23 thoughts on “Please Vote: Top 100 Language Learning Blogs 2012”

  1. Hello Catherine. Just went to vote for you last week. Your site is such a great place to visit for anyone who is interested by the Thai language, culture and way of live. Thanks for every things. I still discover in some pages, posts what I did not read yet. Nice projects for the future too.

  2. Excellent. There are many interesting learning methods out there and I can’t seem to stop at just one! Have you heard of Earworms? It’s got to be the most fun out of all the language learning methods. I was having a hard time pushing myself away from their Italian course. It’s that good. Well, it is for me anyway.

  3. I have the time and the interest.

    Somewhat inspired by posts on your site, I have become more interested of late in the science of learning, especially in the areas of context and emotion.

    Batting around a new set of words and sentences to create an interesting list (as opposed to trying to grimly learn them by rote) will push many of the right buttons (this is related to the Goldlist concept).

    In particular, the idea of learning without consciously trying to learn (Goldlist again) seems to me to have great possibilities — when we engage our rational ‘learning’ mode, I think it’s possible that we cut off access to a more natural and effort-less assimilation process.

    Or maybe a combination of the two is desirable; more likely, every individual has to find their own way to learn.

    At least, by the time I have researched and abandoned a few dozen learning processes, I should have learnt something ….

    As they say: “If you want to learn, teach.”

  4. Rick, pity the frequency list isn’t spoken Thai… I might be tempted to go with 125 words (never say never though). When I get further along with the project I’d like to send my results your way (if you have the time and interest).

    I’m having a blast putting sentences together using a bare bones list and it’s blown me away just how many I’ve been able to come up with. There is a trick (or two) to it… but I’ll wait until later to explain.

    Maritza, ta for the vote 🙂

  5. The 100 words project is interesting, as the frequency of the use of words in languages follows a power law.

    So, working from a list of the 5000 most common Thai words (and the frequency they appear in written text), we find that the most common 125 words in Thai take up a full 50% of the words in a large corpus of written Thai. (Word #125 is เดิน, out of interest).

    Following on gives this table:

    Words Total %age Word#
    125 50% เดิน
    250 60% ซื้อ
    500 71% เรือ
    1000 81% คะแนน

    Almost perfect power law behaviour.

    It still doesn’t help you understand written Thai, since the uncommon words are often the keys to comprehension.

    But interesting, nonetheless (to a certain sort of mind).

  6. lol… Talen, you are so cute 😀

    Btw: The contest runs until May 28th, 23:59 hours German time. I’ll create another post next week to keep everyone informed.
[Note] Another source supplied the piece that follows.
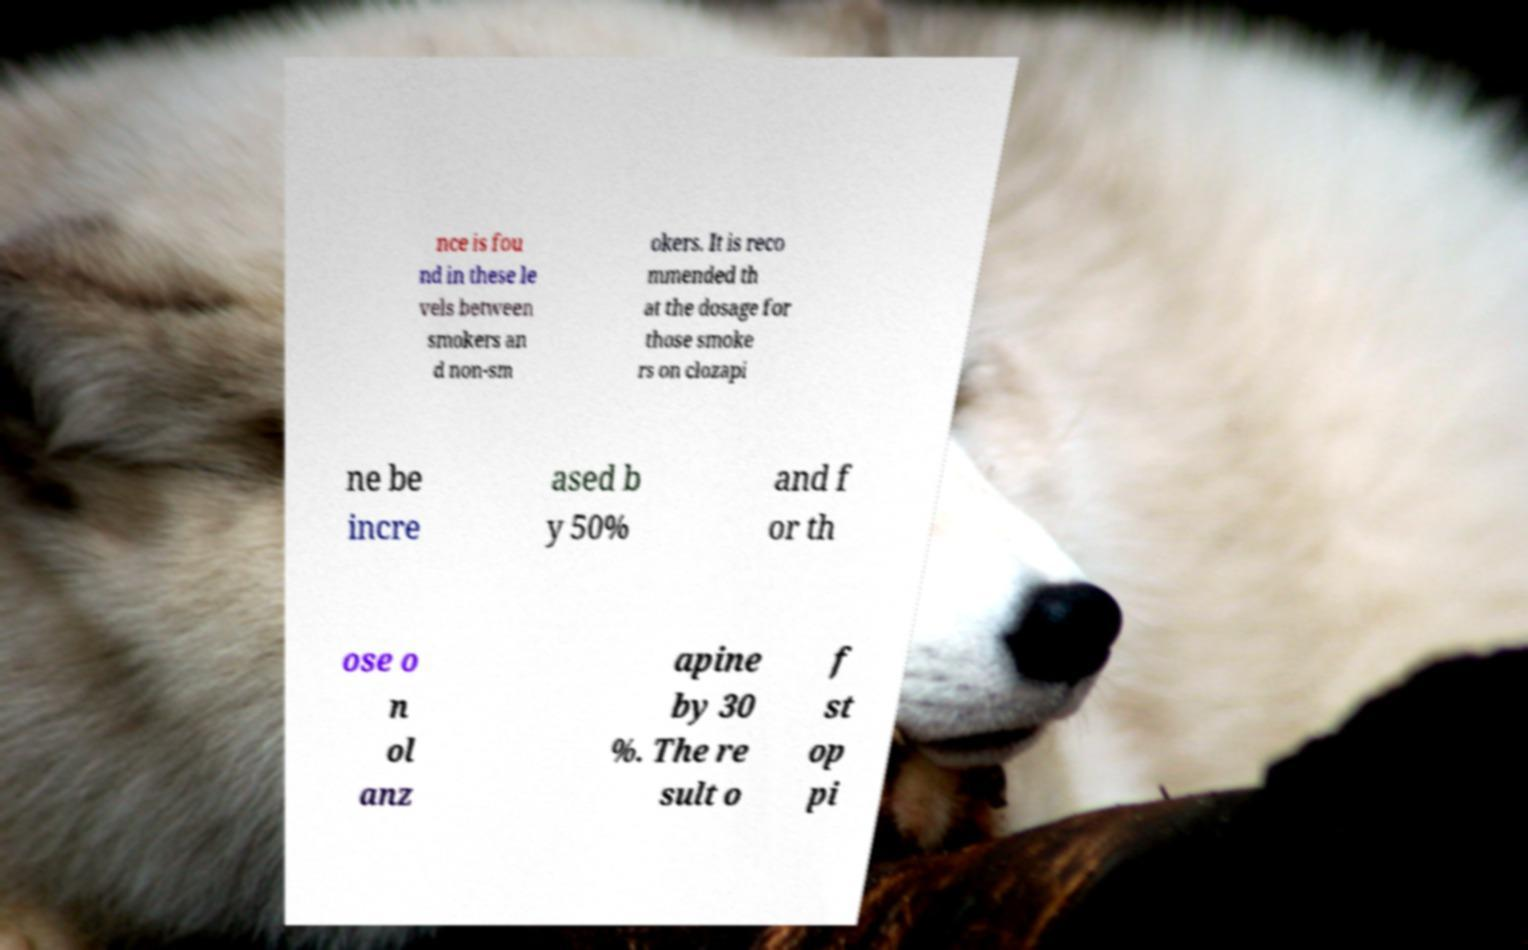There's text embedded in this image that I need extracted. Can you transcribe it verbatim? nce is fou nd in these le vels between smokers an d non-sm okers. It is reco mmended th at the dosage for those smoke rs on clozapi ne be incre ased b y 50% and f or th ose o n ol anz apine by 30 %. The re sult o f st op pi

  7. Cat I voted for that Benny guy, he’s funny 😛 You know I voted for you and only you. You deserve a win my dear.

  8. Catherine, you have a wonderful website. Everyone with whom I spoke about Thai language, knew your website. I hope that your tireless effort results in a good vote.

  9. Best of luck Catherine. So far you’re doing well, nicely inside the top ten. Hopefully all your hard work will pay off and you’ll achieve your best ever result.